Atkins v. Nordyke & Marmon Co.

Mahan, P. J.

(dissenting). It is conceded in this case by the majority df the court that the plaintiffs in error would be entitled to subrogation under the first mortgage upon the property in controversy, except that they did not bring their action in time. The majority of *151the court places the affirmance of the judgment of the court below upon the ground that the plaintiffs delayed too long in bringing their action. Under the old system of practice, where law and equity were kept distinct and the Statute of Limitations did not strictly apply to proceedings in equity, there might be some authority for declaring this rule in this case. But we have abolished the distinction between law and equity, and all causes of action are governed as to the time when they shall be begun by our express statutory provisions. If this action was begun within the Statute of Limitations governing such cases, the court cannot say that the plaintiffs were guilty of laches in that respect. The right' to maintain a suit does not any longer depend upon the length of a chancellor’s foot, as has been said, but depends upon the positive legislation of the State. The statute is broad enough to cover every action that may be brought; and it is the rule that is to be applied, and not any question of laches upon the part of the plaintiffs.
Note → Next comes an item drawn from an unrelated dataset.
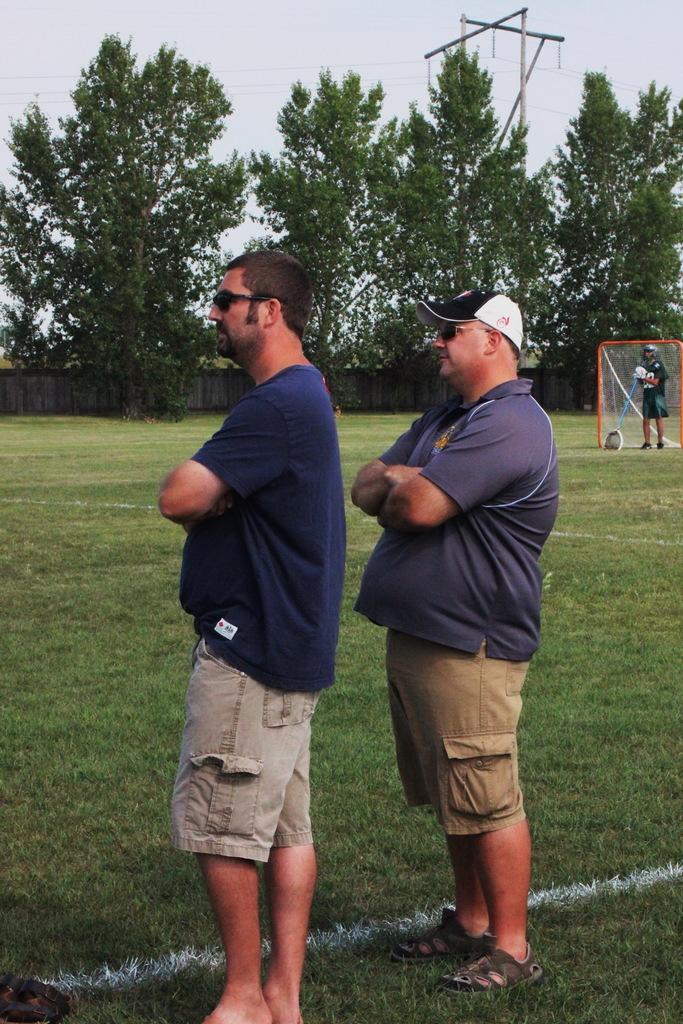Please provide a concise description of this image. In this image I can see two people standing on the ground. These people are wearing the navy blue, brown and ash color dresses. I can see one person with the cap. To the right there is another person holding something and I can see the net. In the background I can see the wall, trees, pole and the sky.

Admitting, as the majority of the court do, that the plaintiffs were entitled at one time to the right of subrogation, they were entitled to it at the beginning of the suit, unless their action was barred by the Statute of Limitations ; and this is not claimed by the court. The only real question, admitting the right of subrogation, is, Would it be inequitable to grant the subrogation, by reason of any change in the relation of the' defendant in error, the Nordyke & Mamón Company, to the property? The Nordyke & Marmon Company took this mortgage under which it claims title subject expressly to the first mortgage. It brought its suit, filed its bill on the chancery side of the United States Circuit Court, to foreclose the second mortgage, subject to the first mortgage. Hence, *152the holder of the first mortgage was not a party, and was not a necessary party. When it took its decree, that could be no broader than its bill; and when it took its deed, that could have been no more comprehensive than its decree. Hence, it must have taken its title subject to the first mortgage. In what way was its condition altered to its disadvantage by having the title subject to the first mortgage rather than having its second mortgage? In order to perfect its title, it would be compelled, according to the very terms of its foreclosure, to pay the first mortgage. If subrogation is allowed, it will be compelled to pay the first mortgage and nothing more.

In my judgment, there is no reason existing under the statement of facts under which the case was decided why subrogation should be denied; and, in my opinion, the judgment of the District Court was erroneous, and the judgment should be reversed with direction to grant the prayer of the plaintiffs’ petition upon the agreed statement of facts.